The Marginal Cost of Mortality Risk Reduction: Evidence from Housing Markets (2021)
with Kelly Bishop, Nicolai Kuminoff, and Alvin Murphy
Abstract. We provide the first evidence that spatial variation in all-cause mortality risk is capitalized into US housing prices. Using a hedonic framework, we recover the annual implicit cost of a 0.1 percentage-point reduction in mortality risk among older Americans and find that this figure is both relatively low and decreasing in age, from $1,346 for a 67 year old to $246 for an 87 year old. These estimates are one-fifth of the size of comparable estimates found in the labor market, suggesting that the housing market provides an alternative, substantially cheaper channel to reducing mortality risk.

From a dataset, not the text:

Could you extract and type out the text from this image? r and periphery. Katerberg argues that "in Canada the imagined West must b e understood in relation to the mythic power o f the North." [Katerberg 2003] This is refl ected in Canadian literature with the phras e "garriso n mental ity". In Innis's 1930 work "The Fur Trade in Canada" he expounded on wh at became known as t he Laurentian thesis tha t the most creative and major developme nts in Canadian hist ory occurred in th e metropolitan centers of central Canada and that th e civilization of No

The Dynamics of Residential Sorting and Health: Implications of Climate Change in the U.S. (2021)
Abstract. This study combines the seminal ideas of Tiebout (1956) and Grossman (1972) to develop a new empirical framework for evaluating treatments that have spatially differentiated effects on health and environmental quality. Individuals are modeled as choosing a residential location based on their heterogeneous preferences for local public goods and their beliefs about how their location choices will affect the future evolution of their health. Thus, the choice of residential location constitutes a health investment, in addition to providing current and future consumption values of local public goods. To estimate the dynamic model of location choice, I employ a sample of 4.5 million seniors from 2001-2013. Seniors’ preferences for public goods,
private goods, and their rates of intertemporal substitution between health and consumption are allowed to vary flexibly with age and health. Results suggest that seniors’ willingness-to-pay (WTP) for warmer winters is uniformly positive, while WTP to avoid warmer summers varies with age and health. Their average annual WTP to avoid future climate change in the U.S. predicted under a “business as usual” scenario for global carbon emissions ranges from $1,431 for older, sicker groups who are more vulnerable to climate change’s negative effects on health to -$3,813 for younger, healthier groups, who value warmer winters and are relatively resilient and mobile.

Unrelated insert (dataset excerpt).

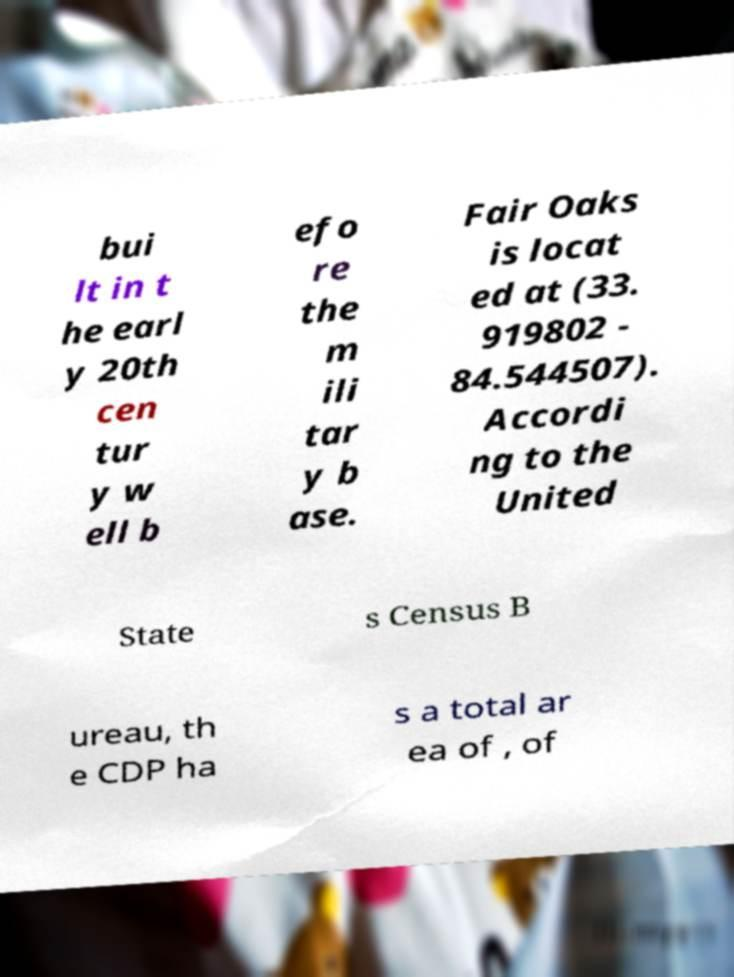For documentation purposes, I need the text within this image transcribed. Could you provide that? bui lt in t he earl y 20th cen tur y w ell b efo re the m ili tar y b ase. Fair Oaks is locat ed at (33. 919802 - 84.544507). Accordi ng to the United State s Census B ureau, th e CDP ha s a total ar ea of , of

The Big City Wage Premium: Labor Market Power and Skill Sorting (2020)
with John Morehouse
Abstract. Wages between skilled and unskilled workers have long been diverging, and income inequality has been on the rise for many decades. Furthermore, high-skilled labor has sorted at much higher rates into larger cities than low-skilled labor over the same time frame. We first update the findings of a large literature which assumes that larger cities have generally more competitive labor markets. We combine these facts to show how the divergence between unskilled and skilled wage growth has been due to endogenous sorting. More specifically, we document that high-skilled labor has endogenously sorted into more competitive labor markets. As a result, high-skilled labor gets paid closer to their marginal revenue product, whereas low-skilled workers face larger wage markdowns. We develop and estimate a general equilibrium model of worker sorting in which labor markets are monopsonistically competitive. Preliminary evidence suggests that local labor market power leads to large losses in welfare relative to a fully competitive economy.
The Illness-Poverty-Amenity Trap (2019)
with Nicolai Kuminoff and Jonathan Ketcham. [Slides]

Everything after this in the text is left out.